# Compound Interest - Aptitude Questions and Answers - RejinpaulPlacement

8.
If the compound interest on a certain sum at 16   2/3% for 3 years is Rs. 1270, find the simple interest on the same sum at the same rate and for the same period.

Solution:   Let the sum be Rs. x. Then,

C.I. = Rs. [x * [1 +(50/(3 * 100))^3] - x] = [(343x/216) - x] = 127x/216

127x/216 = 1270
=> x = (1270 * 216)/127 = 2160
Thus, the sum is Rs. 2160

S.I. = Rs. [2160 * (50/3) * 3 * (1/100)] = Rs. 1080
9.
The difference between the compound interest and simple interest on a certain sum at 10% per annum for 2 years is Rs. 631. Find the sum.

Solution:   Let the sum be Rs. x. Then,

C.I. = x[1 + (10/100)]^2 - x = 21x/100
S.I. = [(x * 10 * 2)/100] = x/5

C.I. - S.I. = [(21x/100) - (x/5)] = x/100
x/100 = 631 <=> x = 63100

Hence, the sum is Rs. 63,100
10.
The difference between the compound interest and the simple interest accrued on an amount of Rs. 18,000 in 2 years was Rs. 405. What was the rate of interest p.c.p.a? [Bank P.O. 2003]

Solution:   Let the rate be R% p.a.

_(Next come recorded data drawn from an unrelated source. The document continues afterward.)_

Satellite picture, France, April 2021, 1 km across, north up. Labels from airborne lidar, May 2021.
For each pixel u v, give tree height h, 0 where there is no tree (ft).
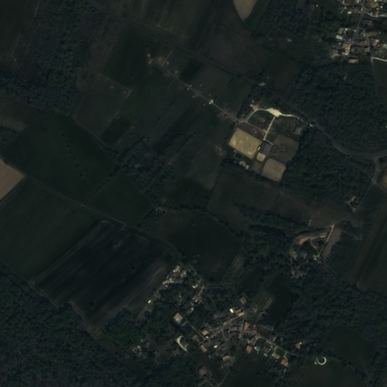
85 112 0
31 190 0
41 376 38
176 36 0
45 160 0
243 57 0
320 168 62
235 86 0
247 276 0
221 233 0
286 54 0
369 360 0
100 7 0
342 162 49
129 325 78
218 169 0
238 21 0
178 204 0
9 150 0
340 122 35
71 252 0
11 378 52
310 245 19
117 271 0
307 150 71
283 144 0
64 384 27
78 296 0
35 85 71
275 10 37
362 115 50
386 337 52
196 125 0
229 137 0
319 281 53
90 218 0
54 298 0
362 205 20
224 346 0
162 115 0
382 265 0
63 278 0
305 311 56
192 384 0
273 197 0
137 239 0
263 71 26
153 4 0
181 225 0
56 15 41
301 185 51
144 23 0
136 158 46
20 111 0
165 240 0
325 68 43
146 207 0
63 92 71
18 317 70
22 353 42
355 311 72
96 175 0
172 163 0
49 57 48
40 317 72
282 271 55
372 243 0
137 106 0
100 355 60
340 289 39
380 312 40
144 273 0
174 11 0
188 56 0
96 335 0
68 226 0
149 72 0
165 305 65
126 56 0
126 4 0
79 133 0
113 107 0
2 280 64
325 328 48
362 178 45
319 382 0
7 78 75
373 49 36
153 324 71
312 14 62
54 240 0
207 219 0
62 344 81
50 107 52
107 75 0
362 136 47
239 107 0
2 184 0
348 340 0
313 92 50
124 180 0
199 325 0
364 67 55
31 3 0
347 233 24
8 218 0
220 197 0
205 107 0
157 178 52
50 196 0
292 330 32
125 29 0
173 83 0
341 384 0
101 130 0
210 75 0
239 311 0
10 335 68
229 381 0
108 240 0

Then,

[18000 [1 + (R/100)]^2 - 18000] - [(18000 * R * 2)/100] = 405
=> 18000[[(100 + R)^2 / 10000] - 1 - (2R/100)] = 405
=> 18000[((100 + R)^2 - 10000 - 200R)/10000] = 405
=> (9/5)R^2 = 405
=> R^2 = [(405 * 5)/9] = 225
=> R = 15

Rate = 15%
11.
Did Rs. 1301 between A and B, so that the amount of A after 7 years is equal to the amount of B after 9 years, the interest being compounded at 4% per annum.
Answer: c) Rs. 676 and Rs. 625

Solution:   Let the two parts be Rs. x and Rs. (1301 - x).

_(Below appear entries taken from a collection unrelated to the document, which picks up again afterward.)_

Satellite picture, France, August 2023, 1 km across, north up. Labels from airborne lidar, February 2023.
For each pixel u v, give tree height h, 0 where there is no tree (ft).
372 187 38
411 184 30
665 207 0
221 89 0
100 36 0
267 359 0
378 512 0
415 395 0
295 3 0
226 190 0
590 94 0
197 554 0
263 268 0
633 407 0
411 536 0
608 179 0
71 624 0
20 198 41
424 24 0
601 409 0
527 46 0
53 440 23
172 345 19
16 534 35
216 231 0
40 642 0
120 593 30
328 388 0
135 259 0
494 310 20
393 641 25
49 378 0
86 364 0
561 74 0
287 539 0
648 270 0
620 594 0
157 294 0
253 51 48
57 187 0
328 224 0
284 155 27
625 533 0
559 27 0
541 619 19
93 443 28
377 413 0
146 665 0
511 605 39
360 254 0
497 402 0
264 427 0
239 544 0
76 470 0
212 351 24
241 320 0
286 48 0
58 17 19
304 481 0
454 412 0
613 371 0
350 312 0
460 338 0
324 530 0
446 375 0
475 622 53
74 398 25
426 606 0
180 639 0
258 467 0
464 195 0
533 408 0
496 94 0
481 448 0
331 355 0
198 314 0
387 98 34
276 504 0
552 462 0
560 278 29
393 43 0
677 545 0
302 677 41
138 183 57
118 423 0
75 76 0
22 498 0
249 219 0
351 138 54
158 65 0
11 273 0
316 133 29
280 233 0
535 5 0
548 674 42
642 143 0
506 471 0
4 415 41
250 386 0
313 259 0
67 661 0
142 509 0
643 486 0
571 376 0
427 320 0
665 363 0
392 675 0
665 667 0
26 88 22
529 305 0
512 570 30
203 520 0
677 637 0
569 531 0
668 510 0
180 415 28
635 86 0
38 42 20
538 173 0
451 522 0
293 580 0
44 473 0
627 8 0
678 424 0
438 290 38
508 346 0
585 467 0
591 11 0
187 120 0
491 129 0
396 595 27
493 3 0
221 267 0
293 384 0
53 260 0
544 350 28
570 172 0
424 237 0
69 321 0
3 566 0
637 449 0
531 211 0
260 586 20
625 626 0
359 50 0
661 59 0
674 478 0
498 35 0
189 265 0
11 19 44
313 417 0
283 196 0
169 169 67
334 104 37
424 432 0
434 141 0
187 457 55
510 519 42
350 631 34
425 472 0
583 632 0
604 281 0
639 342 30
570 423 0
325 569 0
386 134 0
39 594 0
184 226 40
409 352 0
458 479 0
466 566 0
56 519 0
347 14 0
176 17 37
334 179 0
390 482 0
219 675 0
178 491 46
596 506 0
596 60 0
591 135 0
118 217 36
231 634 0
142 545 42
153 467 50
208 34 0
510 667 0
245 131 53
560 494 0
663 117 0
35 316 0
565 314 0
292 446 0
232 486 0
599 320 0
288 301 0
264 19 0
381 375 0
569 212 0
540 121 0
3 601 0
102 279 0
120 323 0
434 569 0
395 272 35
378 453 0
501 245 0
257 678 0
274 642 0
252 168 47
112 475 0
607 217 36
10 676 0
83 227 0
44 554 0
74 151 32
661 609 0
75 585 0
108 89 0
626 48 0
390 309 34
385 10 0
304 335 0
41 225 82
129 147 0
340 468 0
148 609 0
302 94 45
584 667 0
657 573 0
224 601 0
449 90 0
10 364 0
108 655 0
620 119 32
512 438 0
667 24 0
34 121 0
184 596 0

x[1 + (4/100)]^7 = (1301 -x)[1 + (4/100)]^9
=> x/(1301 - x) =[1 + (4/100)]^2 = [(26/25) * (26/25)]
=> 625x = 676(1301 - x)
=> 1301x = 676 * 1301
=> x = 676.

So, the two parts are Rs. 676 and Rs. (1301 - 676); i.e; Rs. 676 and Rs. 625
12.
A certain sum amounts to Rs. 7350 in 2 years and to Rs. 8575 in 3 years. Find the sum and rate percent.

Solution:   S.I. on Rs. 7350 for 1 year = Rs. (8575 - 7350) = Rs. 1225

Rate = [(100 * 1225)/(7350 * 1)] % = 16 2/3%

Let the sum be Rs. x. Then,

x[1 + (50 / (3 * 100))]^2 = 7350
=> x * 7/6 * 7/6 = 7350
=> x = [7350 * (36/49)] = 5400.

Sum = Rs. 5400
13.
A sum of money amounts to Rs. 6690 after 3 years and to Rs. 10,035 after 6 years on compound interest. Find the sum.

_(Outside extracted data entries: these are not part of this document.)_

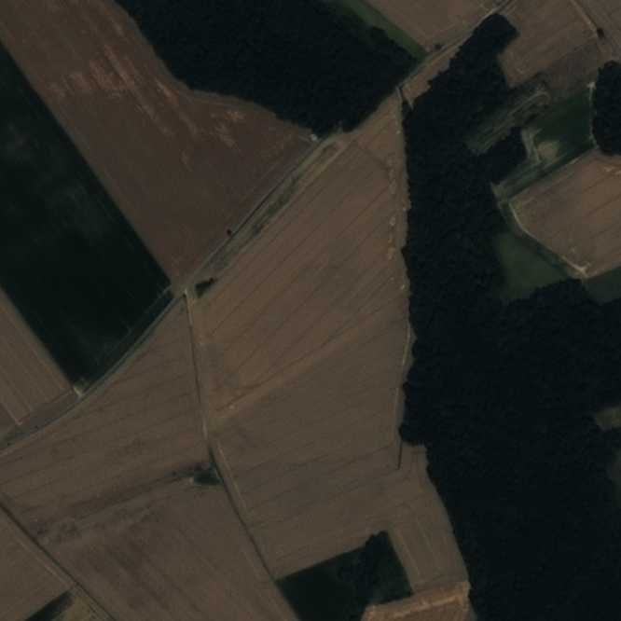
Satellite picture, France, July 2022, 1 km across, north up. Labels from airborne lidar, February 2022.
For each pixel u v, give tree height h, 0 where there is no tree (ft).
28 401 0
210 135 0
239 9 62
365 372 0
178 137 0
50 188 0
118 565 0
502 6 0
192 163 0
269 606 0
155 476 0
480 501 80
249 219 0
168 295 0
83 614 0
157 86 0
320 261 0
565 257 0
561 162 0
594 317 82
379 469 0
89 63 0
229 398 0
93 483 0
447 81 57
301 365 0
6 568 0
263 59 76
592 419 65
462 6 0
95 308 0
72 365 0
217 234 0
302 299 0
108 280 0
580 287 68
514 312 69
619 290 0
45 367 0
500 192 0
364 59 74
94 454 0
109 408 0
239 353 0
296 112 60
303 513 0
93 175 0
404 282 0
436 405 97
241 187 0
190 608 0
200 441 0
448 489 68
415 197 77
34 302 0
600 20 0
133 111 0
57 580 0
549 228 0
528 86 0
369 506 0
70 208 0
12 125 0
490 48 65
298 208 0
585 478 69
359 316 0
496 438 82
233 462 0
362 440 0
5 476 0
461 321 81
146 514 0
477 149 0
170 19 70
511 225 0
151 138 0
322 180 0
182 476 0
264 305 0
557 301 73
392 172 0
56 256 0
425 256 59
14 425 0
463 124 67
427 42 0
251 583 0
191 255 0
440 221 53
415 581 0
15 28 0
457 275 51
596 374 93
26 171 0
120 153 0
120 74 0
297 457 0
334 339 0
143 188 0
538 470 71
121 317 0
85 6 0
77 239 0
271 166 0
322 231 0
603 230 0
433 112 72
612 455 72
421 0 0
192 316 0
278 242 0
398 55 74
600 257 0
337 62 78
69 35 0
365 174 0
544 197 0
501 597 66
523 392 96
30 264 0
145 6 45
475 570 50
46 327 0
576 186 0
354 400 0
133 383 0
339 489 0
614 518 68
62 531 0
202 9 66
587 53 0
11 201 0
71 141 0
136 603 0
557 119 0
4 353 0
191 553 0
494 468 80
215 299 0
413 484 0
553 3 0
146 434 0
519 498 75
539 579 81
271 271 0
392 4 0
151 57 0
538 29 0
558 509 79
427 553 0
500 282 42
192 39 70
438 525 0
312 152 0
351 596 0
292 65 84
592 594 82
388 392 0
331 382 0
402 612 0
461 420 90
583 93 0
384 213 0
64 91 0
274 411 0
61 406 0
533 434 70
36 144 0
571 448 58
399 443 0
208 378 0
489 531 79
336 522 0
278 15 80
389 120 0
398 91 0
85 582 0
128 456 0
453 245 52
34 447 0
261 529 0
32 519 0
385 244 0
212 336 0
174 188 0
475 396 78
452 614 0
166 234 0
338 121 55
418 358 46
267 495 0
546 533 75
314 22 81
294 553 0
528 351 61
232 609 0
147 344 0
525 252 0
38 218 0
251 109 0
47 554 0
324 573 0
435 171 58
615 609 78
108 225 0

Solution:   Let the sum be Rs. P. Then,

P[1 + (R/100)]^3 = 6690 ....... (i)
P[1 + (R/100)]^6 = 10035 ....... (ii)

On dividing, we get [1 + (R/100)]^3 = 10035/6690 = 3/2

Substituting this value in (i), we get:
P * (3/2) = 6690
=> P = [6690 * (2/3)] = 4460

Hence, the sum is Rs. 4460.
14.
A sum of money doubles itself at compound interest in 15 years. In how many years will it become eight times?